Les salariés qui se retrouvent au chômage ne s’y complaisent pas et s’activent la plupart du temps pour s’en sortir.
Le taux de chômage est corrélé à la situation économique des entreprises et à la propension qu’elles ont à se séparer, ou non, de leurs salariés au moindre prétexte.
A cet égard, les dispositions légales prises depuis 2017 ont largement contribué à limiter les indemnités qu’un employeur doit payer à un salarié pour un licenciement injustifié (barème Macron).
Ces mesures incitatives pour les employeurs ne sont non plus pas étrangères au niveau de chômage actuel.
Les failles de l’analyse du gouvernement
D’une part, et contrairement à ce qu’affirme le gouvernement, près d’un chômeur sur deux exerce une activité.

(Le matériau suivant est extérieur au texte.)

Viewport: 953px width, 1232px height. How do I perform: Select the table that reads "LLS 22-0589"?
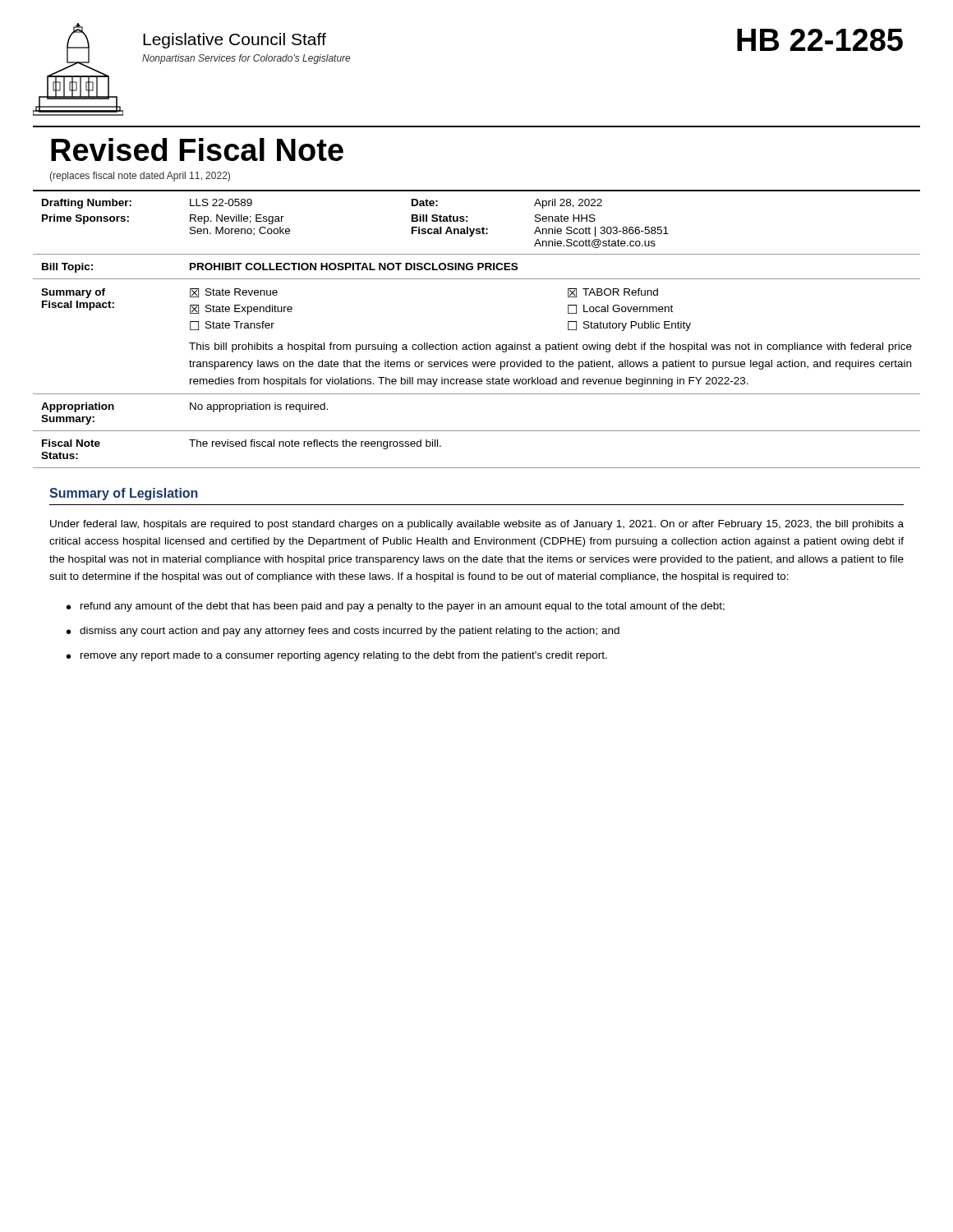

Selon les chiffres de la DARES (Direction de la Recherche et des Statistiques) au premier trimestre 2024, sur 5 124 300 demandeurs d’emploi inscrits à France Travail, 2 304 400 exerçaient une activité réduite (catégories B et C), dont 1 484 800 une activité de plus de 78 heures par mois (catégorie C).
La stigmatisation des chômeurs n’est pas dépourvue d’arrière-pensées de la part de nos gouvernants et offre à bon compte aux politiques en mal de popularité un argument qui, hélas, trouve une large adhésion.
Il est évidemment plus facile de dénoncer « l’assistanat » que de s’interroger sur les vraies causes du chômage.
Les problèmes de mobilité, la question de l’inadéquation entre l’offre et la demande d’emploi… sont ainsi habilement esquivées.
Certains soutiennent que la réduction des droits des demandeurs d’emploi tiendrait en réalité à une volonté de réaliser des économies à l’heure où le déficit public est plus important que prévu.
On rappellera pour finir que la fraude sociale des entreprises est évaluée de source autorisée à 16 milliards d’euros par an.
Étonnement, le zèle déployé pour son recouvrement n’est pas de la même ampleur.